>>>

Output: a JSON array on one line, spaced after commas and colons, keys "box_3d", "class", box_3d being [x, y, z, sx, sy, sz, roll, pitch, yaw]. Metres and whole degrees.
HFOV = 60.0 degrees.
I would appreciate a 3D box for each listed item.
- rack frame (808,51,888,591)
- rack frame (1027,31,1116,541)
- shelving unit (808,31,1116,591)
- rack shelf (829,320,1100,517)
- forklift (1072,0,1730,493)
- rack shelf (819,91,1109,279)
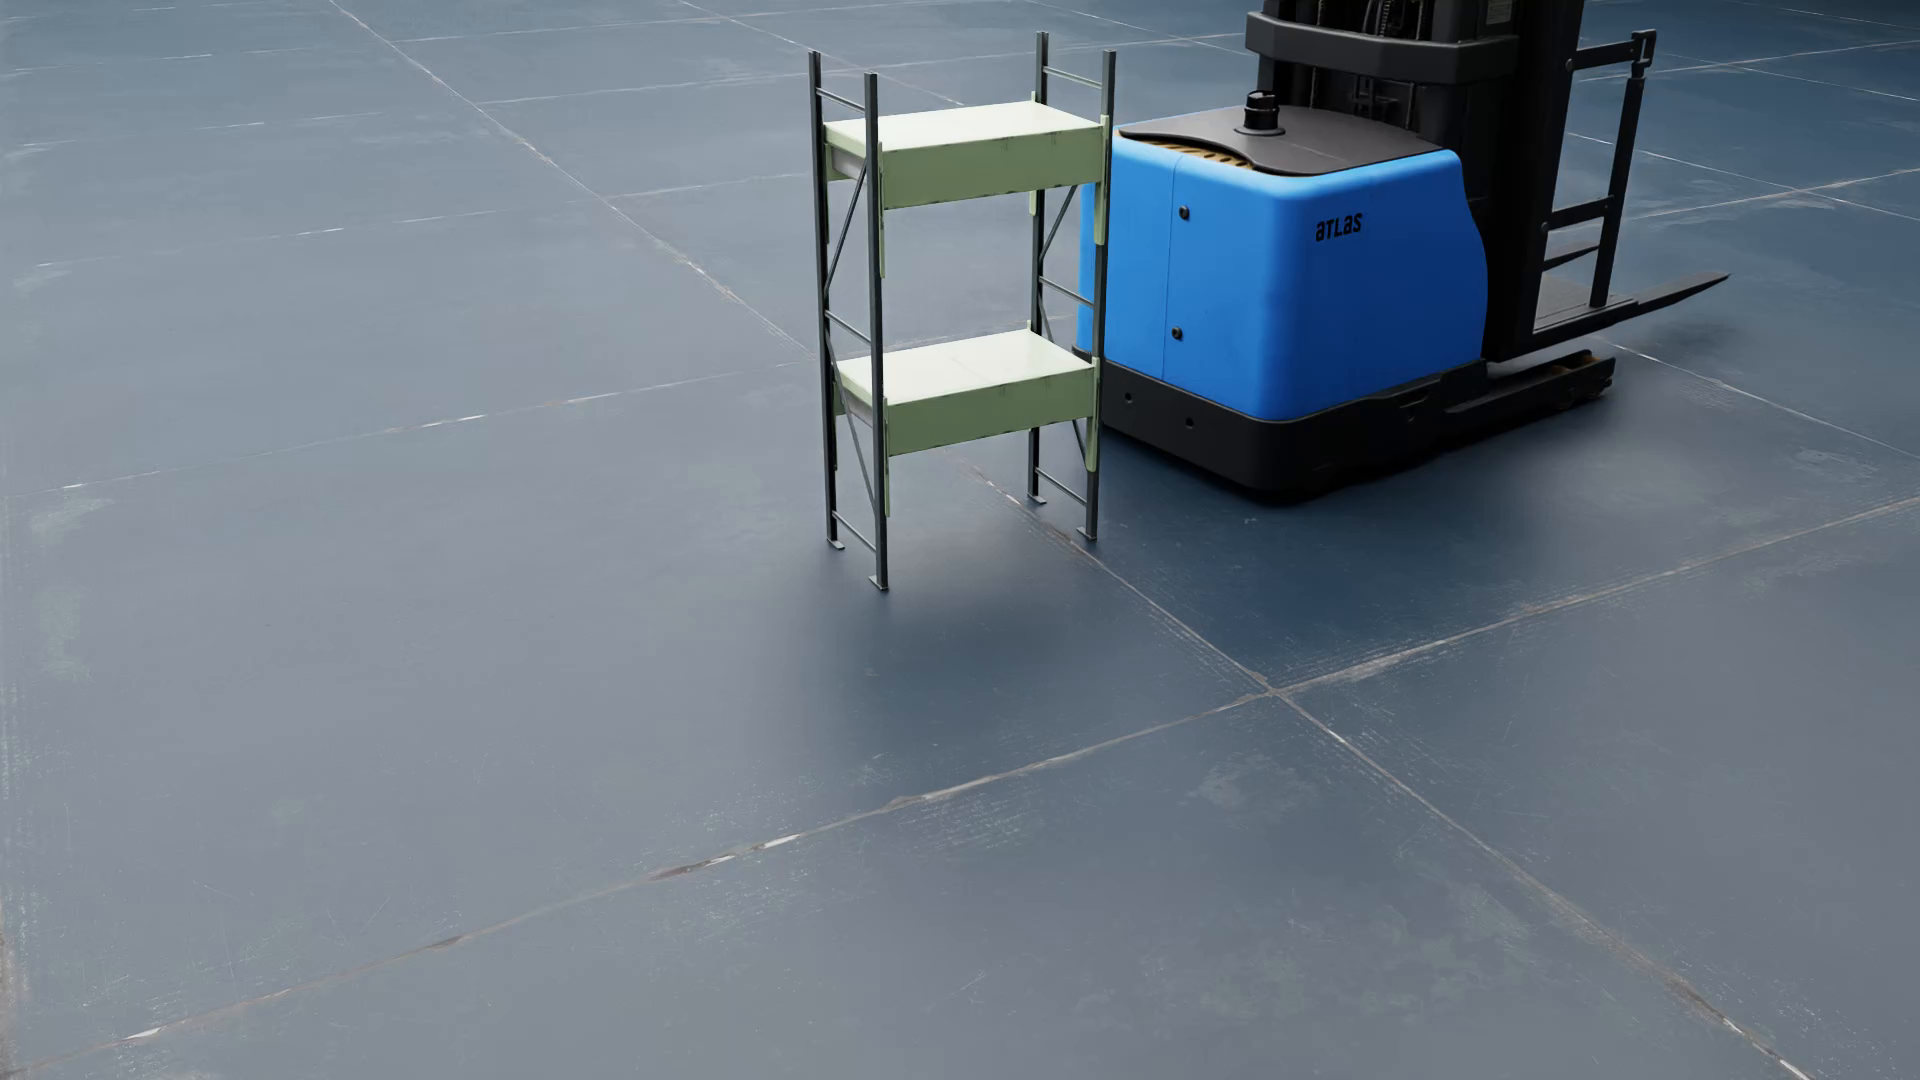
[{"box_3d": [-0.317, -0.603, 4.773, 0.023, 1.500, 0.400, -13, 29, -25], "class": "rack frame"}, {"box_3d": [0.329, -0.752, 5.083, 0.023, 1.500, 0.400, -13, 29, -25], "class": "rack frame"}, {"box_3d": [0.006, -0.677, 4.928, 0.755, 1.500, 0.431, -13, 29, -25], "class": "shelving unit"}, {"box_3d": [0.006, -0.384, 5.069, 0.720, 0.370, 0.431, -13, 29, -25], "class": "rack shelf"}, {"box_3d": [1.884, -1.975, 5.976, 3.031, 2.935, 1.130, -18, 31, -33], "class": "forklift"}, {"box_3d": [0.006, -1.029, 4.759, 0.720, 0.370, 0.431, -13, 29, -25], "class": "rack shelf"}]

<<<

• **Goal of the exercise**:
Write out the listing above in full, word for word, with no pictures.

• **Reply to the exercise**:
Output: a JSON array on one line, spaced after commas and colons, keys "box_3d", "class", box_3d being [x, y, z, sx, sy, sz, roll, pitch, yaw]. Metres and whole degrees.
HFOV = 60.0 degrees.
I would appreciate a 3D box for each listed item.
- rack frame (808,51,888,591)
- rack frame (1027,31,1116,541)
- shelving unit (808,31,1116,591)
- rack shelf (829,320,1100,517)
- forklift (1072,0,1730,493)
- rack shelf (819,91,1109,279)
[{"box_3d": [-0.317, -0.603, 4.773, 0.023, 1.500, 0.400, -13, 29, -25], "class": "rack frame"}, {"box_3d": [0.329, -0.752, 5.083, 0.023, 1.500, 0.400, -13, 29, -25], "class": "rack frame"}, {"box_3d": [0.006, -0.677, 4.928, 0.755, 1.500, 0.431, -13, 29, -25], "class": "shelving unit"}, {"box_3d": [0.006, -0.384, 5.069, 0.720, 0.370, 0.431, -13, 29, -25], "class": "rack shelf"}, {"box_3d": [1.884, -1.975, 5.976, 3.031, 2.935, 1.130, -18, 31, -33], "class": "forklift"}, {"box_3d": [0.006, -1.029, 4.759, 0.720, 0.370, 0.431, -13, 29, -25], "class": "rack shelf"}]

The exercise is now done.